Salah satu pertunjukkan yang mulai ditayangkan secara streaming adalah musik dari Doddy n friends (ISI Band Yogyakarta). Penayangan band tersebut, salah satunya bekerja sama dengan Direktorat Jenderal Kebudayaan Kemdikbud. Pada saat tampil, para personel berkumpul dan duduk berjarak sekitar satu meter sesuai anjuran pembatasan sosial.
"Ini kan membuat konten kesenian. Sifatnya pun bukan mengumpulkan massa dan masih mematuhi koridor ketentuan dari pemerintah," ujar Pandan.
Pendiri Ayo Dongeng Indonesia, Ario Zidni, mengaku ada kesulitan ketika tampil mendongeng tanpa ada penonton langsung yang hadir tatap muka dengannya. Hal ini dikarenakan mendongeng membutuhkan interaksi dan komunikasi langsung.
Akan tetapi, sejak ada imbauan bekerja dari rumah, dia mulai membiasakan diri untuk tampil mendongeng secara live di akun Instagram. Untuk berinteraksi dengan khalayak, dia mengandalkan kolom komentar dan chat.
"Sembari mengoptimalkan tampil secara daring, saya mencoba lebih aktif menulis cerita dongeng," kata dia.
Direktur Pasar Seni Ancol, Mia Maria, menyebutkan beberapa upaya menyiasati agar seniman di ekosistem Pasar Seni Ancol tetap berkarya. Misalnya, sejak dua minggu terakhir, Pasar Seni Ancol menginisiasi sesi bincang-bincang dengan para tokoh seni dan budaya melalui fitur Instagram Live. Sesi itu diberi nama "Ngobrol Seru Kesenian". Selama sesi, seniman akan lebih banyak ditanya pengalaman dan pencapaian.

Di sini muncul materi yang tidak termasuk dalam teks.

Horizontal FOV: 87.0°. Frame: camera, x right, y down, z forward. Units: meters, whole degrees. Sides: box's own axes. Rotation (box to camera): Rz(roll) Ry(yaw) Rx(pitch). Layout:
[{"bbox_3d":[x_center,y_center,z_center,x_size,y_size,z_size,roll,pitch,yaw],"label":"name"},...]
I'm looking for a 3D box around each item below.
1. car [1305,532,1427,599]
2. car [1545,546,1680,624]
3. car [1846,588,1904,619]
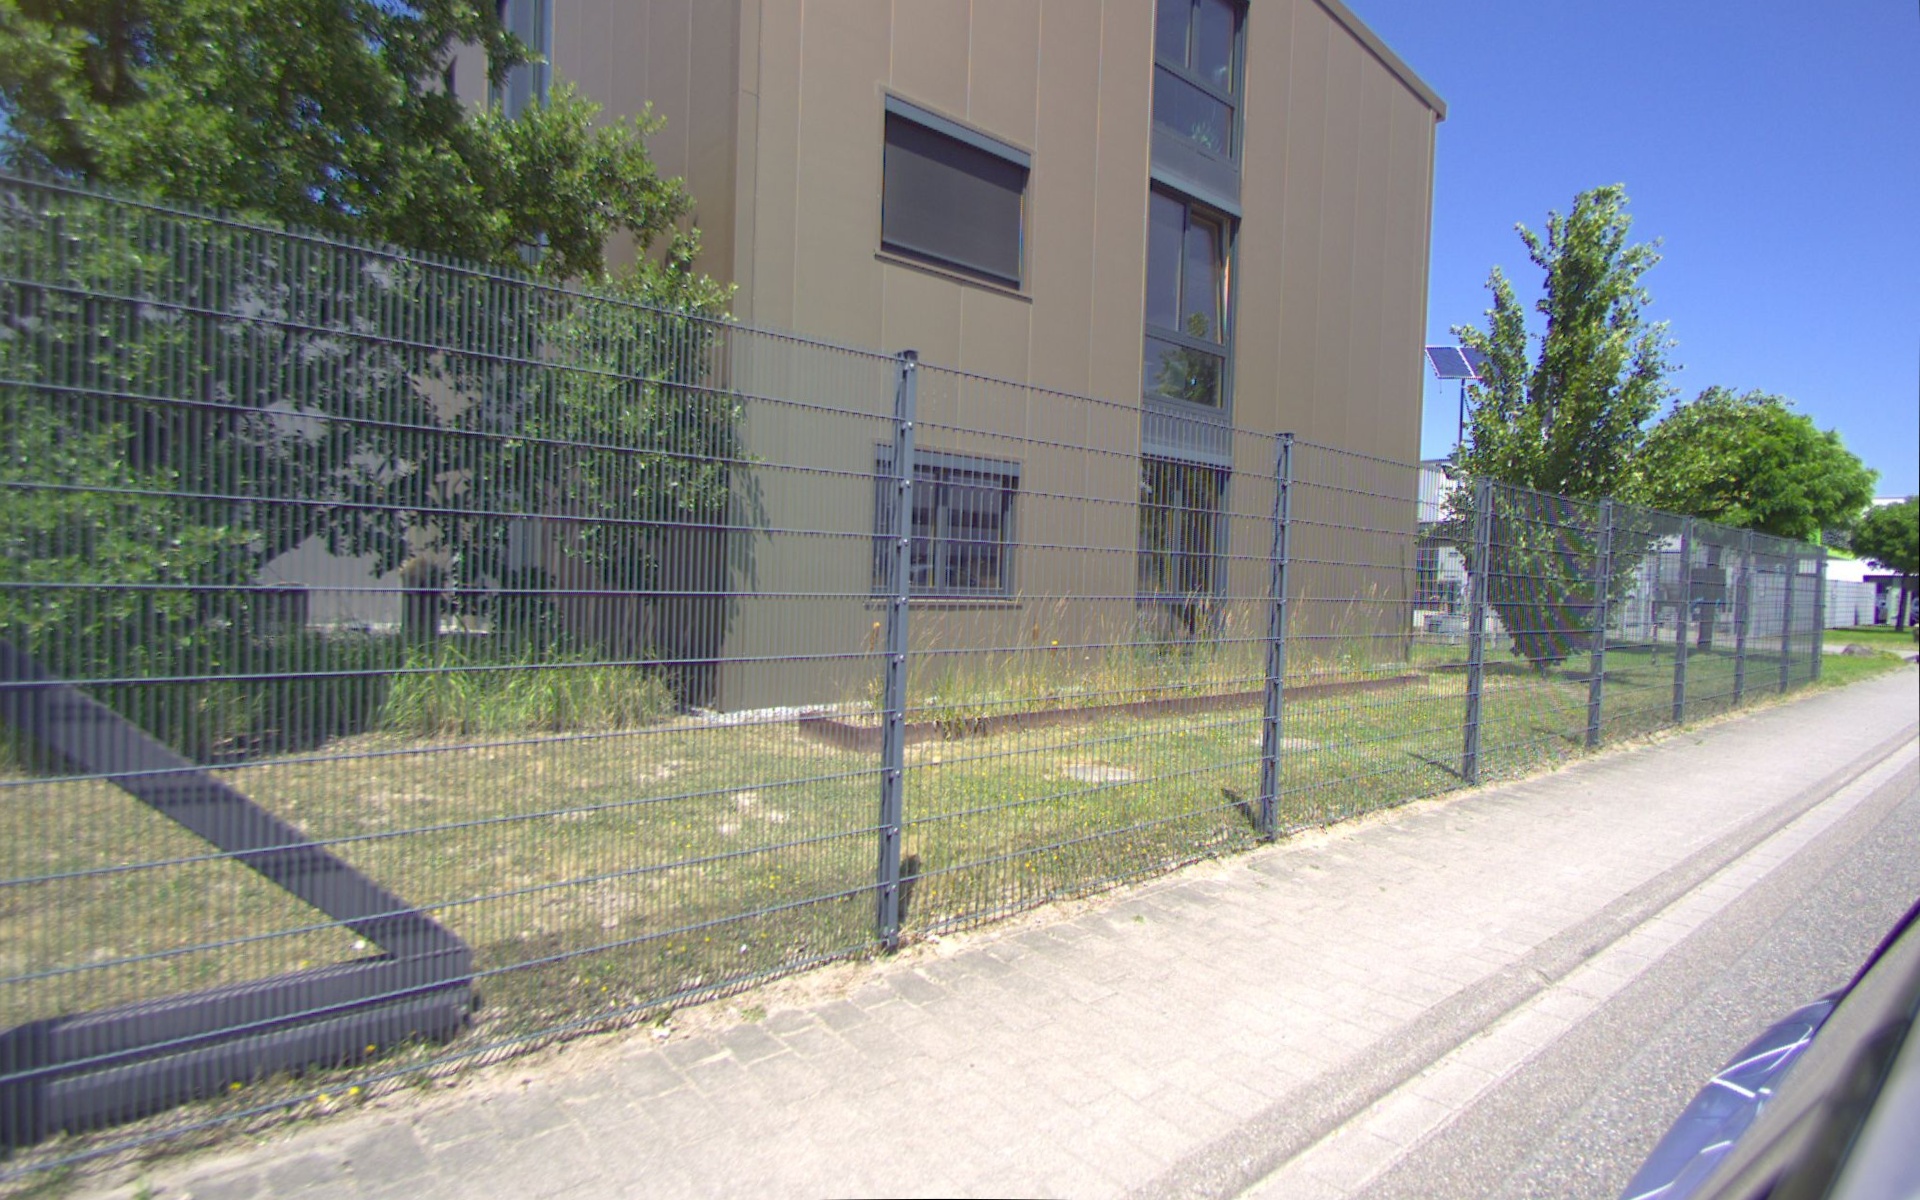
[{"bbox_3d":[16.809,-1.382,41.778,5.757,2.524,2.135,0,4,-41],"label":"car"},{"bbox_3d":[23.779,-0.540,36.739,6.902,2.524,2.135,0,4,-41],"label":"car"},{"bbox_3d":[47.567,0.135,52.571,3.985,1.415,1.742,-2,3,-41],"label":"car"}]

Di luar itu, Pasar Seni Ancol mengembangkan materi ajar tentang seni dan budaya di platform Sekolahmu. Dalam waktu dekat, Pasar Seni Ancol akan menampilkan pameran daring karya seni para seniman.
"Kami ingin tetap menyuntikkan sesuatu yang positif kepada masyarakat," ujar Mia.
Norma baru
Pelaksana Tugas Ketua Umum Dewan Kesenian Jakarta Danton Sihombing mengatakan, Direktorat Jenderal Kebudayaan Kemdikbud telah bersedia dialog dengan para seniman, lalu menggagas terobosan jaring pengaman agar mereka tetap berkarya. Beberapa kelompok seni dan budaya, misalnya Sahabat Seni Nusantara, pun ikut membangun kesadaran kolektif membantu.
Isu lain yang jadi sorotan dia adalah situasi pembatasan mobilisasi dan kerumunan massa mendorong adopsi ke medium digital. Menurutnya, film dan seni pertunjukan lebih punya kelayakan tampil secara daring dan relatif aman dengan cara berbagi layar di gawai.
Namun, ada juga jenis seni lainnya yang lebih pas dan layak dinikmati dalam ruang fisik. Misalnya, seni rupa. Pengunjung hadir melihat langsung bisa merasakan pendalaman karya.
Hal lain yang jadi sorotan adalah mengukur justifikasi kualitas karya seni rupa yang dipamerkan lewat media sosial. Sebab, media sosial lahir untuk menyokong jaringan pertemanan.
"Artinya, seniman perlu merespon kehadiran medium digital ini. Apakah nantinya medium digital menjadi norma baru berkegiatan seni dan budaya ?" kata dia.
Direktur Jakarta Biennale Farah Wardani memiliki pandangan serupa. Dalam khitahnya atau secara disiplin, seni rupa menggunakan ruang fisik untuk dinikmati. Ini berbeda dengan film dan musik.
Seni rupa kontemporer dapat menggunakan medium baru, yakni digital. Akan tetapi, dalam kenyataannya, proses produksi dan penyampaiannya lewat platform digital tidak sederhana.
Menurut Farah, ada beberapa cara menyiasati agar seniman seni rupa tetap semangat berkarya. Misalnya, menghadirkan katalog secara daring. Contoh lain, mereka bisa mengeksplorasi seluas-luasnya platform digital sebagai medium baru berekspresi.
"Kesadaran akan medium baru (digital) ini penting," katanya.